Biological community and sediment fatty acids associated with the deep-sea whale skeleton at the Torishima Seamount
- Cite this article as:
- Naganuma, T., Wada, H. & Fujioka, K. J Oceanogr (1996) 52: 1. doi:10.1007/BF02236529
A whale skeleton was discovered on the flat-topped summit of the Torishima Seamount, 4037 m deep, northwest Pacific Ocean, during a dive by the submersibleShinkai 6500 in 1992. The skeleton was encrusted with mytilid mussels and harbored benthic animals such as galatheid crabs, echinoderms, sea anemones, and unidentifiable tube worms. The whale skeleton was revisited in 1993. Sediment samples were collected to outline the chemical-microbial distribution in the sediment associated with the skeleton.

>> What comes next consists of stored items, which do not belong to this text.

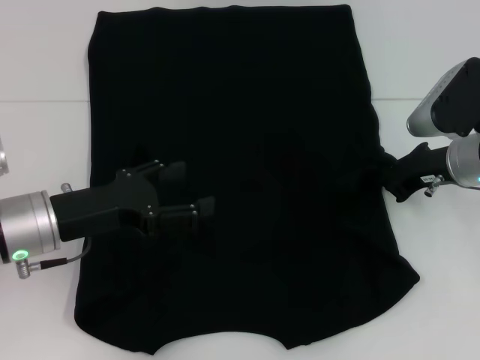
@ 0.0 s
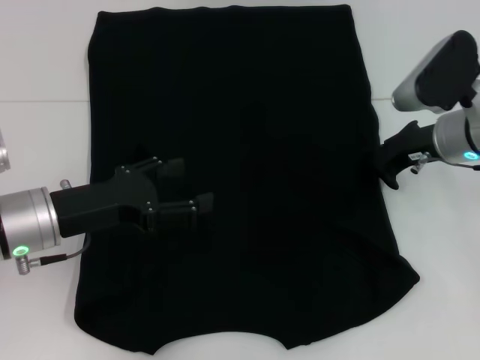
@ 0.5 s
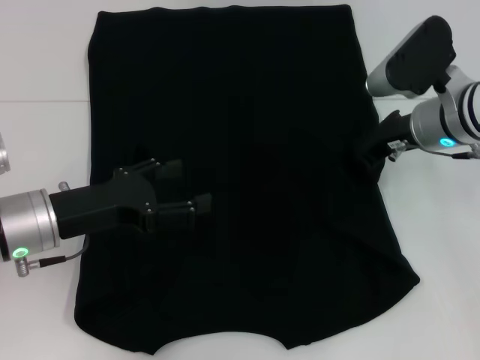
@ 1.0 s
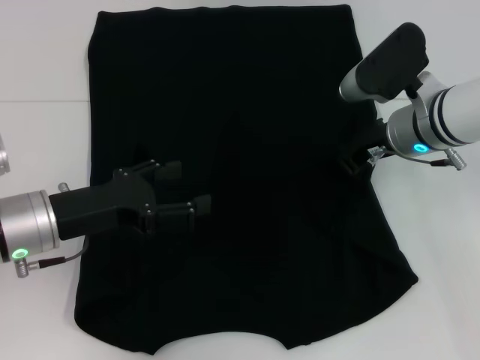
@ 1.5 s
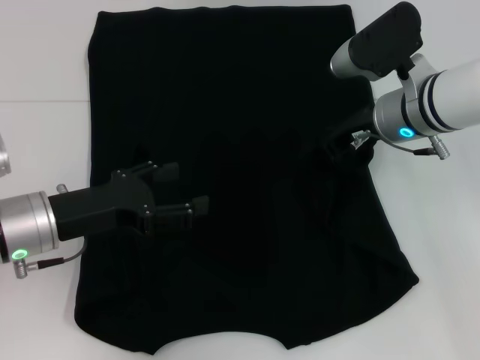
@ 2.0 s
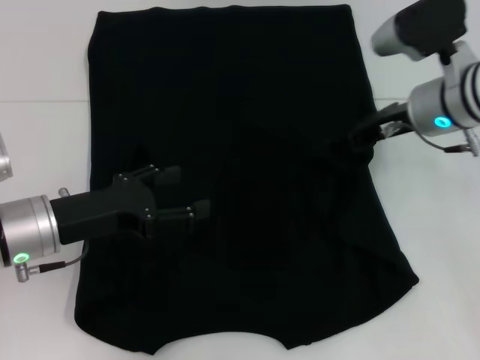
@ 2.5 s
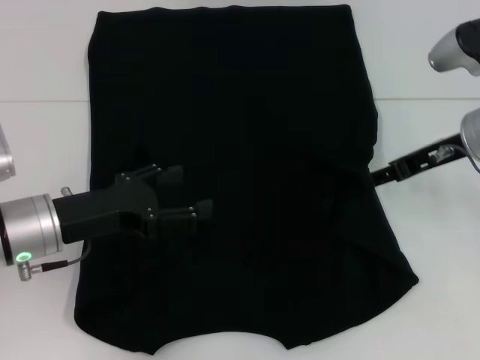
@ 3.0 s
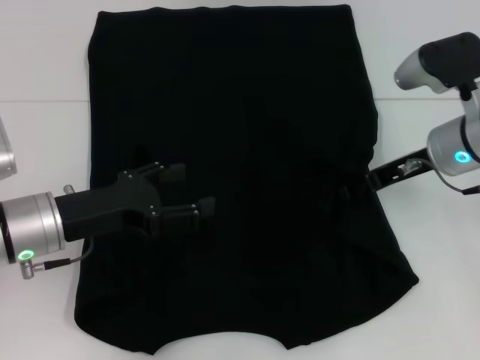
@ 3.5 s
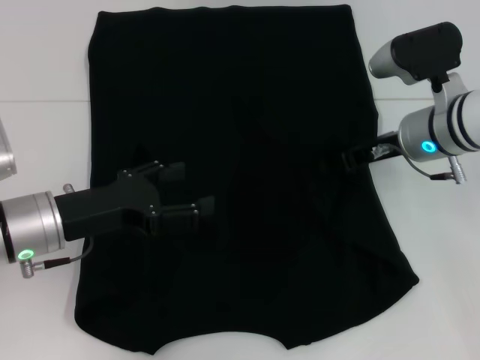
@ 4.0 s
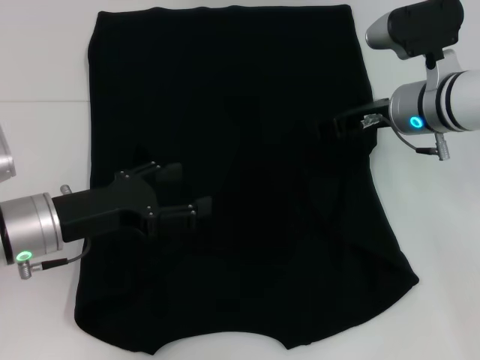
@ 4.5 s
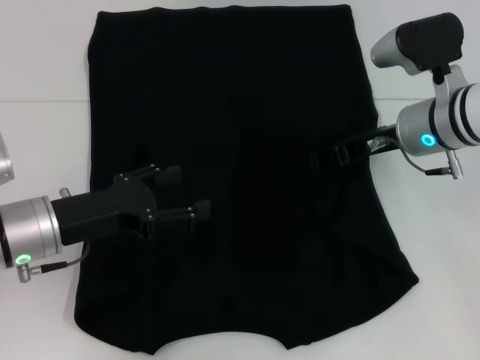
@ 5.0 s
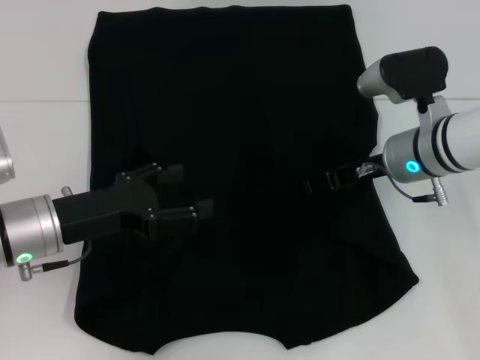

In the sediment, there was a gradient of sulfide concentration with the peak of 20 n moles per gram sediment just beneath a bone. Corresponding gradients were observed in thiosulfate-oxidizing enzyme activity, bacterial colony counts and fatty acid amounts. Direct analysis of the sediment fatty acid composition suggested the occurrence of methane-oxidizing bacteria and sulfur-reducing bacteria in close association with the whale skeleton. These observations imply that the methane and sulfides were formed during the saprogenic process and utilized for the chemosynthetic bacterial production to feed the whale skeleton-animal community.